Dan kamu, bapa-bapa, janganlah bangkitkan amarah di dalam hati anak-anakmu, tetapi didiklah mereka di dalam ajaran dan nasihat Tuhan. - Efesus 6:4

Sepasang petani miskin bekerja keras untuk membiayai kuliah anak mereka. Betapa bangganya mereka ketika anak itu akhirnya lulus. Mereka berdua diundang untuk menghadiri acara wisuda. Meskipun orang tuanya tidak terpelajar dan berpakaian seadanya, sang anak menyambut mereka dengan sukacita dan dengan bangga memperkenalkannya pada dosen dan teman-temannya.

Saat wisuda, anak itu memberikan sambutan mewakili mahasiswa seangkatannya, dan hadirin terharu mendengarnya. Ketika ia kembali ke tempat duduk, ayahnya berbisik pada ibunya, "Bu, ini panenan kita yang paling baik."

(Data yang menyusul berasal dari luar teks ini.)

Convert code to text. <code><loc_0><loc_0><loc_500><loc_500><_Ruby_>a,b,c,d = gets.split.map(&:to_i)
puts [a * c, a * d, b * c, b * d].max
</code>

Ya, keluarga adalah investasi yang sangat berharga. Sayangnya, saat ini kita justru lebih banyak mendengar tentang hancurnya nilai-nilai keluarga: kenakalan anak/remaja akibat keluarga berantakan, perselingkuhan, perceraian.

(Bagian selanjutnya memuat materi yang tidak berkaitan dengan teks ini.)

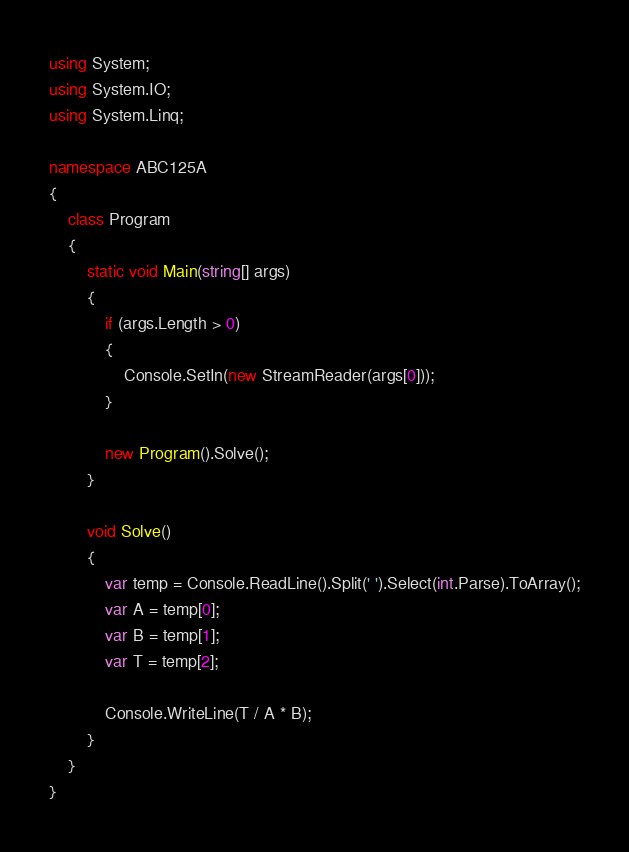Convert code to text. <code><loc_0><loc_0><loc_500><loc_500><_C#_>using System;
using System.IO;
using System.Linq;

namespace ABC125A
{
    class Program
    {
        static void Main(string[] args)
        {
            if (args.Length > 0)
            {
                Console.SetIn(new StreamReader(args[0]));
            }

            new Program().Solve();
        }

        void Solve()
        {
            var temp = Console.ReadLine().Split(' ').Select(int.Parse).ToArray();
            var A = temp[0];
            var B = temp[1];
            var T = temp[2];

            Console.WriteLine(T / A * B);
        }
    }
}
</code>

Di sisi lain, tantangan ini sekaligus memperlihatkan betapa strategisnya peran keluarga itu. Keluarga yang kuat membuat gereja kuat; kalau gereja kuat, kota juga kuat; kalau kota kuat, bangsa pun akan kuat.

Prinsip-prinsip untuk membangun keluarga yang kuat ini dapat kita temukan di dalam Firman Tuhan. Kalau kita bersedia mempelajari dan menerapkan prinsip-prinsip Alkitabiah tersebut, jerih payah kita tidak akan sia-sia. Di tengah dunia yang kalut ini, keluarga akan menjadi tempat perlindungan, tempat pembelajaran rohani, tempat pembentukan karakter dan tempat persekutuan yang kreatif. Dengan kata lain, kita akan menuai panen terbaik. ***

Dimuat: Renungan Malam, September 2004.